Yes and that would cover that. :slight_smile: Sitting here looking at the cap in the drawing and looked right past it. Poof and it was gone. Thank you for pointing that out.

As to using a voltage divider with the ADS1115 while I agree that yes, thin metal film resistors are a great way to go all things considered I would just put a decent 15 turn 10K inexpensive pot across the battery. Figure the current draw of a 10K pot at a fully charged battery would be 13.6 volts / 10000 ohms = 1.3 mA. An inexpensive Spectrol or actually now Vishay 10K 15 turn pot has a temperature coefficient resistance of about 100 PPM / Degree C between -55C to 145C. In a stable environment I would just use a 10K 15 turn pot. We are only measuring battery voltage to 0.1 volt resolution.

Using only a pot like one of these adjusted for a 3:1 ratio applying 10.000 volts using an ADS1115 with a GAIN_TWOTHIRDS); +/- 6.144V 1 bit = 0.1875mV I am reading 10.00 volts as stable as I could need for an application like this. Using a 3:1 divider would allow for an input of 18.4 volts. Well enough above the 100% 14.6 volt charging voltage and the 100% 13.6 volt resting voltage . So yes, while I agree that metal film precision resistors with a low TCR is going to yield much better precision and accuracy how precise do things need to be?

Ron

16

Easier and much better. I did not know that library. Thank you

17

Understood, I was using it to control the voltage to see the response on the serial monitor as it was all I had available but was able to get my hands on a power supply. I was able to adapt code from this post : 12V battery meter with Arduino MEGA - #19 by septillion and produced the following sketch which "works" though the voltage displayed on the serial monitor is not the same as displayed on the power supply.

for example, when power supply voltage is 10.51, serial monitor displays 10505 mV corresponding with 0%, any lower than 10505 mV and the serial monitor reads 62%. same with the max voltage, when I set the power supply to 13.44, serial monitor reads 13426 and prints it as 100%.
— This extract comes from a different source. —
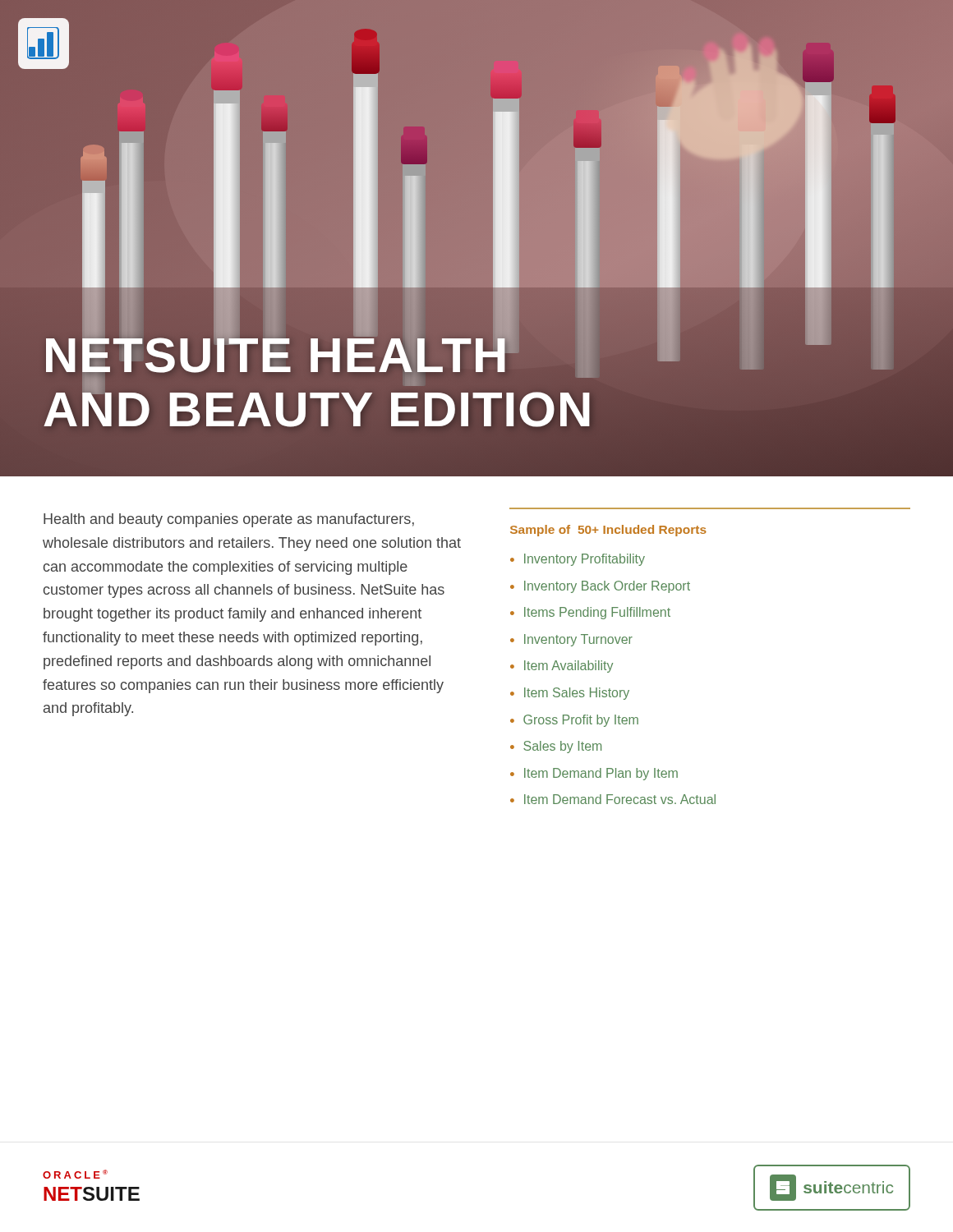Locate the text starting "• Inventory Turnover"

571,641

Any feedback and suggestions would be appreciated

#define readPin A0
const unsigned long BatR1R2[] = {5000, 2930}; // resistor values
const unsigned long RefVolt = 4940;        // voltage divider output at A0
const unsigned long BatRsVal = 1024;
const unsigned long Ratio = ((BatR1R2[0] + BatR1R2 [1]) * RefVolt) / BatR1R2[1];
const unsigned long BatVoltMax = 13400; // fully charged LifePO4 battery
const unsigned long BatVoltMin = 10500; //approximate fully discharged voltage
const unsigned int NrSamples = 1000; // not sure what this does
float counts = 0;


void setup()
{
  Serial.begin( 9600);
}

void loop()
{
  delay(5);
  unsigned int adcValue = averageRead( readPin);
  analogReference(DEFAULT);
  unsigned int BatVoltage = adcValue * Ratio / BatRsVal;

  Serial.print("Batery voltage [mV]: ");
  Serial.println(BatVoltage);
  byte percent = 100 * (BatVoltage - BatVoltMin) / (BatVoltMax - BatVoltMin);
  Serial.print("Battery level [%]: ");
  Serial.println(percent);

  delay(5000);
}

// --------------------------------------------
// averageRead()
// --------------------------------------------
// By using 'float' numbers for the average,
// it is possible to get more bits than
// the 10 or 12 bits that is returned by analogRead().
//
// The total of the samples is not done with float, because
// then bits could get lost.
// Only at the end, the floating point calculation is done.
//
// When the voltage is calculated, use 1024, not 1023.
// The "half a bit" is explained here: https://www.gammon.com.au/adc


//const int nSamples = 1000;   // Usually from 5 to 10000

unsigned int averageRead( byte pin)
{
  unsigned long total = 0;

  for ( int i = 0; i < NrSamples; i++)
  {
    total += analogRead( pin);
  }

  total += NrSamples / 2;   // add half a bit

  return ( total / NrSamples);
}
18

I'm not too sure about the precision, the batteries will be used on the second iteration of autosampler prototypes which are designed to be placed in the elements, so I am a bit concerned on if I should be accounting for weather given that the temperature these devices will be between 0 and -9 degrees Celsius if we have a mild winter

19

Well if going outdoors I would look carefully at the temperature coefficients of whatever resistors you use for a divider, I would then consider a pair of 1K in series and a 1K making for a 3:1 divider. With an ADS1115 at default gain that still gives you about 18 volts. That gives you 1 bit = 0.185 mV.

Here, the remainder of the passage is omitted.